This invention is related to the field of biochemical sensors using integrated circuits. The sensors are specifically designed to be biocompatible for implantation in the human or an animal body, but may also be used in laboratory or industrial settings. The sensor communicates to either or both of a pump actuator, and to an externally located RF transmitter/receiver.
Diabetes mellitus is a disease in which glucose levels in the patient""s blood become out of balance and largely unregulated and is the leading cause of morbidity in the United States. Studies have shown that when glucose levels are tightly maintained, induced secondary pathological states such as peripheral vasculopathy, which leads to such conditions as diabetic retinopathy, neuropathy, nephropathy and amputation of extremities, are largely avoided. The level of glucose control required to inhibit these associated pathological states is typically beyond the ability of diabetic patients to regulate in their own homes. Diabetic patients are required to prick a finger multiple times a day, draw a small sample of blood, place it in a glucose sensor, and then administer themselves an appropriate injection of insulin. Patient compliance is clearly an issue. If a patient does not accurately dose their insulin levels to correspond with glucose levels, then this level of insulin therapy is insufficient to stop the progress of the above mentioned pathological conditions.

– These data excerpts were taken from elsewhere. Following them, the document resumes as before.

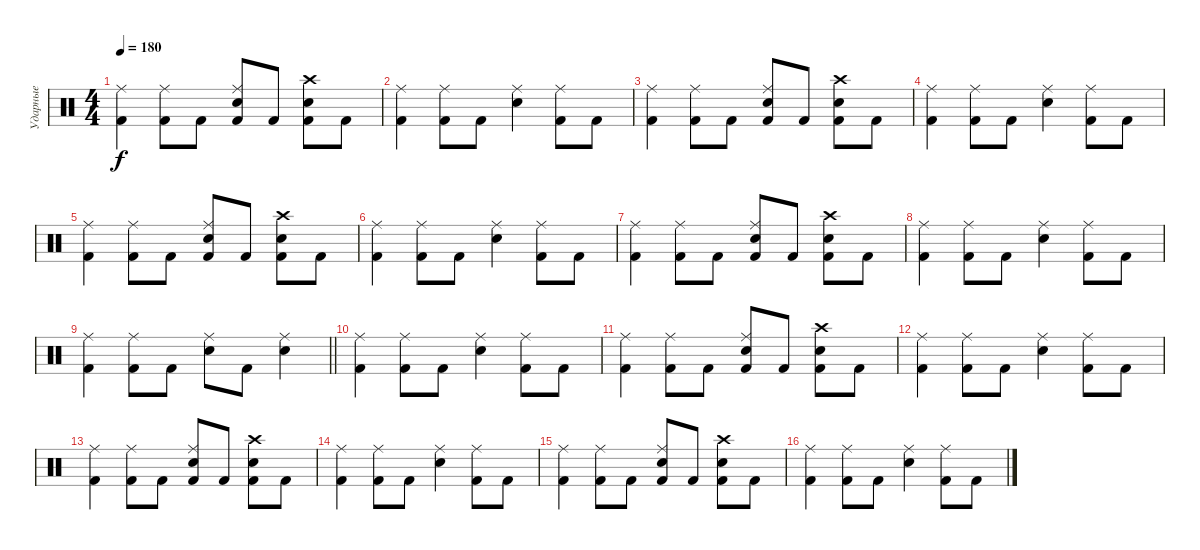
\track ("Ударные" "Ударные") {instrument percussion}
\staff {score}
\articulation defaults
\ts (4 4)
\tempo 180
\clef neutral
\ks c
("Kick (hit) 2" "Ride (middle)").4{dy f} ("Kick (hit) 2" "Ride (middle)").8 "Kick (hit) 2".8 ("Kick (hit) 2" "Snare (hit) 2" "Ride (middle)").8 "Kick (hit) 2".8 ("Kick (hit) 2" "Snare (hit) 2" "Crash high (hit)").8 "Kick (hit) 2".8 |
("Kick (hit) 2" "Ride (middle)").4 ("Kick (hit) 2" "Ride (middle)").8 "Kick (hit) 2".8 ("Snare (hit) 2" "Ride (middle)").4 ("Kick (hit) 2" "Ride (middle)").8 "Kick (hit) 2".8 |
("Kick (hit) 2" "Ride (middle)").4 ("Kick (hit) 2" "Ride (middle)").8 "Kick (hit) 2".8 ("Kick (hit) 2" "Snare (hit) 2" "Ride (middle)").8 "Kick (hit) 2".8 ("Kick (hit) 2" "Snare (hit) 2" "Crash high (hit)").8 "Kick (hit) 2".8 |
("Kick (hit) 2" "Ride (middle)").4 ("Kick (hit) 2" "Ride (middle)").8 "Kick (hit) 2".8 ("Snare (hit) 2" "Ride (middle)").4 ("Kick (hit) 2" "Ride (middle)").8 "Kick (hit) 2".8 |
("Kick (hit) 2" "Ride (middle)").4 ("Kick (hit) 2" "Ride (middle)").8 "Kick (hit) 2".8 ("Kick (hit) 2" "Snare (hit) 2" "Ride (middle)").8 "Kick (hit) 2".8 ("Kick (hit) 2" "Snare (hit) 2" "Crash high (hit)").8 "Kick (hit) 2".8 |
("Kick (hit) 2" "Ride (middle)").4 ("Kick (hit) 2" "Ride (middle)").8 "Kick (hit) 2".8 ("Snare (hit) 2" "Ride (middle)").4 ("Kick (hit) 2" "Ride (middle)").8 "Kick (hit) 2".8 |
("Kick (hit) 2" "Ride (middle)").4 ("Kick (hit) 2" "Ride (middle)").8 "Kick (hit) 2".8 ("Kick (hit) 2" "Snare (hit) 2" "Ride (middle)").8 "Kick (hit) 2".8 ("Kick (hit) 2" "Snare (hit) 2" "Crash high (hit)").8 "Kick (hit) 2".8 |
("Kick (hit) 2" "Ride (middle)").4 ("Kick (hit) 2" "Ride (middle)").8 "Kick (hit) 2".8 ("Snare (hit) 2" "Ride (middle)").4 ("Kick (hit) 2" "Ride (middle)").8 "Kick (hit) 2".8 |
\barLineRight lightlight
("Kick (hit) 2" "Ride (middle)").4 ("Kick (hit) 2" "Ride (middle)").8 "Kick (hit) 2".8 ("Snare (hit) 2" "Ride (middle)").8 "Kick (hit) 2".8 ("Snare (hit) 2" "Ride (middle)").4 |
("Kick (hit) 2" "Ride (middle)").4 ("Kick (hit) 2" "Ride (middle)").8 "Kick (hit) 2".8 ("Snare (hit) 2" "Ride (middle)").4 ("Kick (hit) 2" "Ride (middle)").8 "Kick (hit) 2".8 |
("Kick (hit) 2" "Ride (middle)").4 ("Kick (hit) 2" "Ride (middle)").8 "Kick (hit) 2".8 ("Kick (hit) 2" "Snare (hit) 2" "Ride (middle)").8 "Kick (hit) 2".8 ("Kick (hit) 2" "Snare (hit) 2" "Crash high (hit)").8 "Kick (hit) 2".8 |
("Kick (hit) 2" "Ride (middle)").4 ("Kick (hit) 2" "Ride (middle)").8 "Kick (hit) 2".8 ("Snare (hit) 2" "Ride (middle)").4 ("Kick (hit) 2" "Ride (middle)").8 "Kick (hit) 2".8 |
("Kick (hit) 2" "Ride (middle)").4 ("Kick (hit) 2" "Ride (middle)").8 "Kick (hit) 2".8 ("Kick (hit) 2" "Snare (hit) 2" "Ride (middle)").8 "Kick (hit) 2".8 ("Kick (hit) 2" "Snare (hit) 2" "Crash high (hit)").8 "Kick (hit) 2".8 |
("Kick (hit) 2" "Ride (middle)").4 ("Kick (hit) 2" "Ride (middle)").8 "Kick (hit) 2".8 ("Snare (hit) 2" "Ride (middle)").4 ("Kick (hit) 2" "Ride (middle)").8 "Kick (hit) 2".8 |
("Kick (hit) 2" "Ride (middle)").4 ("Kick (hit) 2" "Ride (middle)").8 "Kick (hit) 2".8 ("Kick (hit) 2" "Snare (hit) 2" "Ride (middle)").8 "Kick (hit) 2".8 ("Kick (hit) 2" "Snare (hit) 2" "Crash high (hit)").8 "Kick (hit) 2".8 |
("Kick (hit) 2" "Ride (middle)").4 ("Kick (hit) 2" "Ride (middle)").8 "Kick (hit) 2".8 ("Snare (hit) 2" "Ride (middle)").4 ("Kick (hit) 2" "Ride (middle)").8 "Kick (hit) 2".8

A major step forward in the fight against diabetes would be the ability to automatically monitor blood glucose levels using one or more embedded sensors which eliminate the need for frequent finger pricks. After the glucose levels were automatically sensed, the sensor should be smart enough to determine if the levels were outside a preset range. The sensor would then either send a message to the patient that their glucose levels were out of range, or in the preferred case, activate an implanted insulin pump to automatically maintain glucose levels within physiological levels.
The disclosed sensing architecture describes a device, and outlines the fabrication process of the device to make a wireless glucose sensor. Such a sensor is ideal for implantation within the human body for the control of diabetes mellitus. However, it could also be used in biotech processing plants where glucose levels are required to be maintained within a certain range, or in the veterinary market for the treatment of animals that have diabetes. Because this sensor is based on semiconductor technology, the preferred embodiment is to automatically actuate a pump to meter an appropriate dosage of insulin or to add additional glucose if levels rose above or fell below a programmable range. The disclosed sensor architecture specifically deals only with the sensor. The connection of how this sensor may interact with a pump is described in a previously submitted U.S. patent application Ser. No. 09/521,922 by Ishikawa et al., entitled xe2x80x9cImplantable Drug Delivery Systems,xe2x80x9d filed Mar. 9, 2000, and which is hereby incorporated by reference. The sampling frequency of the glucose sensor is programmable, and is determined by the radio frequency (RF) transmitter/receiver, which is external to the sensor. In the case of implantation in the human body, the external transmitter/receiver is worn by the patient, and is ideally similar in size and appearance to a beeper or other socially acceptable device. In the case that there is no pump available, or if the pump requires maintenance, this external transmitter/receiver can be programmed to sound an audible alarm or series of various alarms. The patient would then be able to manually administer an appropriate dosage. This constant feedback to the patient would allow a much tighter control of blood glucose levels, and could potentially result in a substantial decrease in mortality and morbidity currently associated with diabetes.
The disclosed sensor system is valid for a variety of biological molecules. In particular, any biological molecule that undergoes enzymatic oxidation with the concomitant production of an acid and/or hydrogen peroxide can be detected by one or more of the disclosed embodiments as described herein. Detailed discussion focuses on glucose, for example, but it should be kept in mind that glucose is only one specific example of the multitude of applications.
The present invention disclosed and claimed herein, in one aspect thereof, comprises a biochemical sensor fabricated on a ball integrated circuit. A sensor media is mounted to the ball integrated circuit, the sensor media operable for sensing biochemical molecules. An onboard communication link transmits data sensed by the sensor media from the ball integrated circuit.